Suena el poema sinfónico Danza macabra, Op. 40, de Camille Saint-Saëns
Reía, se le vio reír. Los demás también reían, se les veía bailotear entre risotadas y gestos procaces; eran esos otros acompañantes, el cortejo desquiciado, que recreaban las pasiones de los vivos desde el imaginario de los muertos. Ufanos en su descarnada irrealidad —sois, ¿qué sois?—, entretenidos en el lapsus temporal, de cuya medida nadie da cuenta cabal, con la burda plasmación del agorero final del camino.
Hasta aquí lo que se daba.
El teatrillo de los cadáveres insepultos marchaba donde el reclamo de la fiesta lo condujera para satisfacer la curiosidad morbosa, tan humana y apremiante como la intelectual, de ojos como platos y piel de gallina, agazapada en unos, manifiesta y desafiante en aquellos que a la parca rinden un tributo de desprecio, no en vano burlesco.
Aunque a la historia que cuentan los muertos con su decidida interpretación les prestaba oídos el mundo entero de los vivos, por si acaso el día que irremisible llega el aprendizaje de maestros tan implicados sirve de algo o de mucho a la hora de rendir haberes y deberes.
Delante de los ojos del público ansioso, abiertos como espejos, y a flor de piel, trasuntaban las historias personales con las cosas y los hechos sobre los cuales recaía una vengativa indiferencia, propia del despecho, que a los emisarios de la incógnita divertía mientras aterrorizaba, o en menor medida, asustaba y precavía, a los destinatarios, sujetos del atino, espectadores a su pesar, pero con su indiscutible aceptación ondeando en el círculo dramático.
El festín de las pesadillas amenizaba los crepúsculos heladores de los ruedos concitados.
Al igual que sucede en los espectáculos humanos de hueso con carne y órganos en su sitio, los actores figuraban al límite de la verosimilitud los acusados comportamientos que en la vida cotidiana del común de los mortales se producen, como guía y esperpento, como muestra y juicio discrecional de magistrados y tribunales sobrevenidos.
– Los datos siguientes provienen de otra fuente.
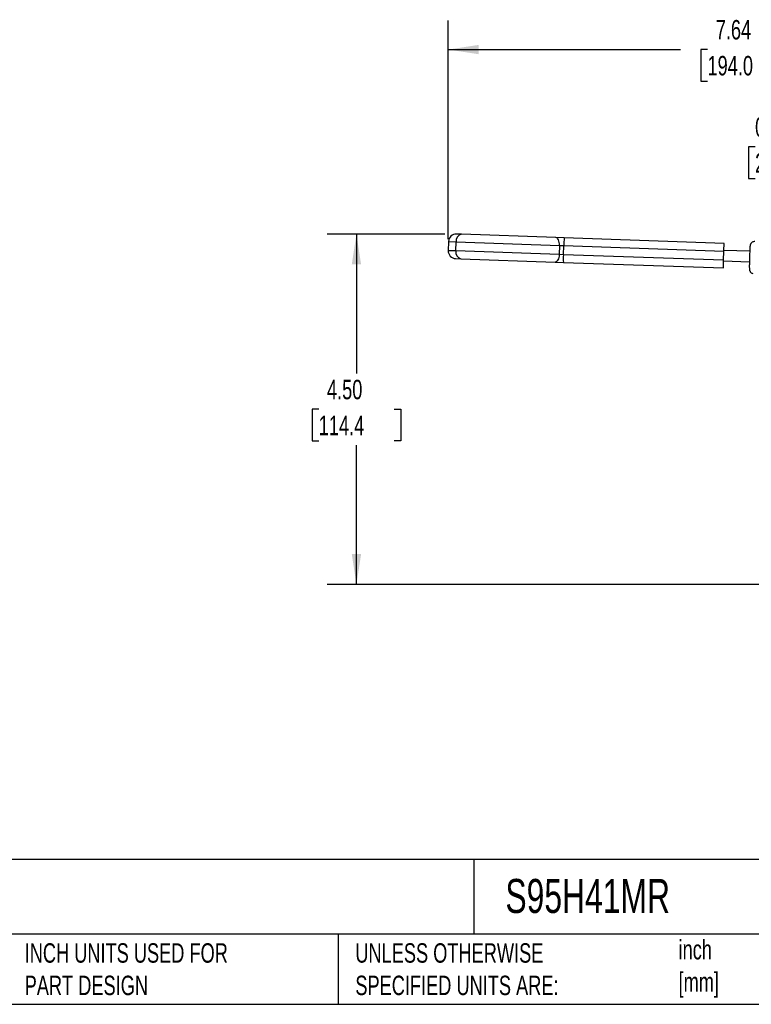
# Model space of a CAD drawing. Header units: inches. Extents: x 0.7 to 32.2, y 0.7 to 24.8.
# Tile 7 of 18: x 12.6 to 22, y 0.7 to 13.4. Entities that reach past the tile are written whole.
import ezdxf

# ---------------------------------------------------------------- set-up
doc = ezdxf.new("R2010")
doc.units = ezdxf.units.IN
doc.header["$LTSCALE"] = 3
doc.header["$MEASUREMENT"] = 0
doc.linetypes.add('SLD-Solid', pattern=[0])
doc.layers.add('DIMENSIONS', color=140, linetype='SLD-Solid', lineweight=25)
doc.layers.add('TEXT', color=140, linetype='SLD-Solid', lineweight=25)
doc.styles.add('SLDTEXTSTYLE0', font='TXT', dxfattribs={"width": 0.7})
doc.dimstyles.new('SLDDIMSTYLE1', dxfattribs={"dimtxt": 0.254883, "dimasz": 0.39, "dimexe": 0, "dimexo": 0.0625, "dimgap": 0.063721, "dimtad": 0, "dimtih": 1, "dimtoh": 1, "dimrnd": 1e-09, "dimzin": 12, "dimdsep": 46, "dimtxsty": 'SLDTEXTSTYLE0', "dimsah": 1, "dimcen": 0.09, "dimadec": 0, "dimazin": 3, "dimtfac": 1, "dimtofl": 0, "dimtmove": 0, "dimatfit": 3, "dimfxl": 0, "dimfrac": 2, "dimtolj": 1, "dimtzin": 12, "dimarcsym": 0})
doc.dimstyles.new('SLDDIMSTYLE2', dxfattribs={"dimtxt": 0.254883, "dimasz": 0.39, "dimexe": 0, "dimexo": 0.0625, "dimgap": 0.063721, "dimtad": 0, "dimtih": 1, "dimtoh": 1, "dimrnd": 1e-09, "dimzin": 4, "dimdsep": 46, "dimtxsty": 'SLDTEXTSTYLE0', "dimsah": 1, "dimcen": 0.09, "dimadec": 0, "dimazin": 1, "dimtfac": 1, "dimtofl": 0, "dimtmove": 0, "dimatfit": 3, "dimfxl": 0, "dimfrac": 2, "dimtolj": 1, "dimtzin": 12, "dimarcsym": 0})
doc.dimstyles.new('SLDDIMSTYLE3', dxfattribs={"dimtxt": 0.254883, "dimasz": 0.39, "dimexe": 0, "dimexo": 0.0625, "dimgap": 0.063721, "dimtad": 0, "dimtih": 1, "dimtoh": 1, "dimrnd": 1e-09, "dimdsep": 46, "dimtxsty": 'SLDTEXTSTYLE0', "dimsah": 1, "dimcen": 0.09, "dimadec": 0, "dimazin": 2, "dimtfac": 1, "dimtmove": 0, "dimatfit": 0, "dimfxl": 0, "dimfrac": 2, "dimtolj": 1, "dimtzin": 12, "dimarcsym": 0})

# ---------------------------------------------------------------- blocks, each defined once
blk = doc.blocks.new('_D_4')
at = {"layer": 'DIMENSIONS'}
for p, q in [((18.069, 10.591), (18.069, 13.403)), ((25.707, 7.707), (25.707, 13.403)), ((18.069, 13.028), (21.058, 13.028)), ((21.403, 13.028), (21.317, 13.028)), ((21.317, 13.028), (21.317, 12.623)), ((22.372, 13.028), (22.458, 13.028)), ((22.458, 13.028), (22.458, 12.623)), ((25.707, 13.028), (22.718, 13.028)), ((21.317, 12.623), (21.403, 12.623)), ((22.458, 12.623), (22.372, 12.623))]:
    blk.add_line(p, q, dxfattribs=at)
for points in [[(18.069, 13.028), (18.459, 12.968), (18.459, 13.088)], [(25.707, 13.028), (25.317, 13.088), (25.317, 12.968)]]:
    blk.add_solid(points, dxfattribs=at)
at = {"layer": 'DIMENSIONS', "char_height": 0.25, "attachment_point": 1, "style": 'SLDTEXTSTYLE0'}
for s, insert in [('7.64', (21.509, 13.408)), ('194.0', (21.403, 12.946))]:
    blk.add_mtext(s, dxfattribs=dict(at, insert=insert))
blk = doc.blocks.new('_D_5')
at = {"layer": 'DIMENSIONS'}
for p, q in [((18.025, 10.654), (16.513, 10.654)), ((16.888, 10.654), (16.888, 8.864)), ((16.403, 8.402), (16.317, 8.402)), ((16.317, 8.402), (16.317, 7.997)), ((17.372, 8.402), (17.458, 8.402)), ((17.458, 8.402), (17.458, 7.997)), ((16.317, 7.997), (16.403, 7.997)), ((17.458, 7.997), (17.372, 7.997)), ((16.888, 6.15), (16.888, 7.94)), ((24.149, 6.15), (16.513, 6.15))]:
    blk.add_line(p, q, dxfattribs=at)
for points in [[(16.888, 10.654), (16.828, 10.264), (16.948, 10.264)], [(16.888, 6.15), (16.948, 6.54), (16.828, 6.54)]]:
    blk.add_solid(points, dxfattribs=at)
at = {"layer": 'DIMENSIONS', "char_height": 0.25, "attachment_point": 1, "style": 'SLDTEXTSTYLE0'}
for s, insert in [('4.50', (16.509, 8.781)), ('114.4', (16.403, 8.319))]:
    blk.add_mtext(s, dxfattribs=dict(at, insert=insert))
blk = doc.blocks.new('_D_6')
at = {"layer": 'DIMENSIONS'}
for p, q in [((23.866, 10.86), (23.866, 12.152)), ((24.732, 10.86), (24.732, 12.152)), ((22.015, 11.777), (21.929, 11.777)), ((21.929, 11.777), (21.929, 11.372)), ((22.772, 11.777), (22.858, 11.777)), ((22.858, 11.777), (22.858, 11.372)), ((23.866, 11.777), (23.118, 11.777)), ((24.732, 11.777), (25.482, 11.777)), ((21.929, 11.372), (22.015, 11.372)), ((22.858, 11.372), (22.772, 11.372))]:
    blk.add_line(p, q, dxfattribs=at)
for points in [[(23.866, 11.777), (23.476, 11.837), (23.476, 11.717)], [(24.732, 11.777), (25.122, 11.717), (25.122, 11.837)]]:
    blk.add_solid(points, dxfattribs=at)
at = {"layer": 'DIMENSIONS', "char_height": 0.25, "attachment_point": 1, "style": 'SLDTEXTSTYLE0'}
for s, insert in [('0.87', (22.015, 12.156)), ('22.0', (22.015, 11.694))]:
    blk.add_mtext(s, dxfattribs=dict(at, insert=insert))

msp = doc.modelspace()

# ---------------------------------------------------------------- linework, layer by layer
for p, q in [((18.241, 10.652), (18.175, 10.654)), ((19.453, 10.61), (18.241, 10.652)), ((18.073, 10.559), (18.069, 10.441)), ((18.073, 10.559), (18.17, 10.556)), ((18.166, 10.438), (18.17, 10.556)), ((18.17, 10.556), (19.5, 10.509)), ((19.561, 10.606), (19.453, 10.61)), ((21.618, 10.534), (19.561, 10.606)), ((18.166, 10.438), (18.069, 10.441)), ((19.496, 10.391), (18.166, 10.438)), ((19.5, 10.509), (19.496, 10.391)), ((19.55, 10.389), (19.496, 10.391)), ((19.5, 10.509), (19.554, 10.508)), ((19.55, 10.389), (19.554, 10.508)), ((21.61, 10.318), (19.55, 10.389)), ((19.554, 10.508), (21.614, 10.436)), ((21.61, 10.318), (21.614, 10.436)), ((21.946, 10.434), (21.615, 10.445)), ((18.164, 10.339), (18.23, 10.337)), ((18.23, 10.337), (19.442, 10.295)), ((19.442, 10.295), (19.55, 10.291)), ((19.55, 10.291), (21.607, 10.219)), ((21.942, 10.296), (21.61, 10.308))]:
    msp.add_line(p, q)
at = {"flags": 128}
for points in [[(19.5, 10.509), (19.5, 10.529), (19.497, 10.547), (19.493, 10.564), (19.487, 10.579), (19.48, 10.592), (19.472, 10.601), (19.462, 10.607), (19.453, 10.61)], [(19.496, 10.391), (19.494, 10.372), (19.491, 10.354), (19.485, 10.337), (19.478, 10.322), (19.47, 10.31), (19.461, 10.302), (19.452, 10.296), (19.442, 10.295)]]:
    msp.add_lwpolyline(points, dxfattribs=at)
for centre, radius, start, end in [((18.171, 10.556), 0.0984, 88, 178), ((18.257, 10.566), 0.0874, 100.7754, 186.6687), ((20.226, 10.509), 0.672, 171.6923, 180.095), ((18.167, 10.438), 0.0984, 178, 268), ((18.252, 10.422), 0.0874, 169.3313, 255.2246), ((20.22, 10.341), 0.672, 175.905, 184.3077)]:
    msp.add_arc(centre, radius, start, end)
for centre, start_param, end_param in [((21.614, 10.436), 4.712389, 6.283185), ((21.61, 10.318), 3.141593, 4.712389)]:
    msp.add_ellipse(centre, major_axis=(0.0034, 0.0984), ratio=0.000039, start_param=start_param, end_param=end_param)
msp.add_open_spline([(22.012, 10.559), (22.006, 10.559), (21.995, 10.558), (21.98, 10.552), (21.969, 10.543), (21.962, 10.534), (21.957, 10.525), (21.954, 10.517), (21.952, 10.512), (21.951, 10.506), (21.95, 10.499), (21.949, 10.488), (21.948, 10.47), (21.947, 10.448), (21.946, 10.421), (21.945, 10.393), (21.944, 10.363), (21.943, 10.332), (21.942, 10.303), (21.942, 10.275), (21.941, 10.251), (21.941, 10.231), (21.942, 10.214), (21.942, 10.205), (21.943, 10.196), (21.945, 10.187), (21.95, 10.176), (21.959, 10.164), (21.971, 10.153), (21.982, 10.15), (21.987, 10.148)], degree=3, knots=[0, 0, 0, 0, 0.030568, 0.057195, 0.080311, 0.100658, 0.118378, 0.133559, 0.146251, 0.161723, 0.18804, 0.24273, 0.292588, 0.345157, 0.396461, 0.447332, 0.498035, 0.548682, 0.599339, 0.650062, 0.700951, 0.752208, 0.804396, 0.860183, 0.881781, 0.899888, 0.919195, 0.942992, 0.975277, 1, 1, 1, 1])
at = {"layer": 'TEXT'}
for p, q in [((32.25, 2.613), (0.75, 2.613)), ((18.397, 2.613), (18.397, 1.65)), ((32.25, 1.65), (0.75, 1.65)), ((16.653, 1.65), (16.653, 0.75)), ((0.75, 0.75), (32.25, 0.75))]:
    msp.add_line(p, q, dxfattribs=at)

# ---------------------------------------------------------------- texts
at = {"layer": 'TEXT', "attachment_point": 1, "style": 'SLDTEXTSTYLE0'}
for s, insert, char_height in [('S95H41MR', (18.804, 2.362), 0.4375), ('INCH UNITS USED FOR ^JPART DESIGN', (12.621, 1.535), 0.25), ('UNLESS OTHERWISE ^JSPECIFIED UNITS ARE:', (16.874, 1.535), 0.25), ('inch^J[mm]', (21.031, 1.578), 0.25)]:
    msp.add_mtext(s, dxfattribs=dict(at, insert=insert, char_height=char_height))

# ---------------------------------------------------------------- dimensions: what is measured, and where the dimension line sits
at = {"layer": 'DIMENSIONS'}
for base, p1, p2, dimstyle, picture, middle in [((18.069, 13.028), (25.707, 7.557), (18.069, 10.441), 'SLDDIMSTYLE1', '_D_4', (21.888, 13.028)), ((23.866, 11.777), (24.732, 10.71), (23.866, 10.71), 'SLDDIMSTYLE3', '_D_6', (22.394, 11.777))]:
    dim = msp.add_linear_dim(base=base, p1=p1, p2=p2, dimstyle=dimstyle, dxfattribs=at)
    dim.commit()
    dim.dimension.update_dxf_attribs({"geometry": picture, "text_midpoint": middle, "dimtype": 160})
dim = msp.add_linear_dim(base=(16.888, 10.654), p1=(24.299, 6.15), p2=(18.175, 10.654), angle=90, dimstyle='SLDDIMSTYLE2', dxfattribs=at)
dim.commit()
dim.dimension.update_dxf_attribs({"geometry": '_D_5', "text_midpoint": (16.888, 8.402), "dimtype": 160})

doc.saveas('drawing.dxf')

La vida, contemplada en la parodia del cercado ferial nada tiene de santa ni de informal de origen a resolución, ni del todo es sinsabor, deudas, zarabanda, estrépito, pena o algazara; ni risa, facultad divina, ni llanto, desahogo sentimental. Pero risa y llanto alternaban en el circuito cerrado de la intimidad, por aquello de atraer con motivo evidente a los espíritus benefactores y al picante, en esencia consuelo, que sazona el mediocre discurrir de un abrumador número de existencias. Impuesta la risa al llanto incluso en la apoteosis de la amargura.
Visto el mundo en su grotesca realidad, que son los aspectos irreductibles que molestan, incordian y hieren, que atan, afrentan y conducen de mal en peor, de tibio a quemazón o escozor frío. Entramado de imposible desistimiento, acumulativo y bullidor, tormenta porfiada, bravo huracán, reprimenda, azote, al que la risa confiada, la risa amarga, la risa de gorjeo, el cantar de gesta risueño pone coto, que ya es mérito; pone en cintura, lo que es digno de reseña, para embridar los sofocos de las criaturas antes o después vencidas por el inefable discurso del ancestral proceder.
Puesto en escena con acostumbrado libreto y música de percusión y viento por el elenco de los muertos en vida, que guardan en sus cuencas vacías la mirada de siempre, un tanto acerada y un mucho displicente, y en el gesto pasivo el músculo yerto, la conclusión de la obra.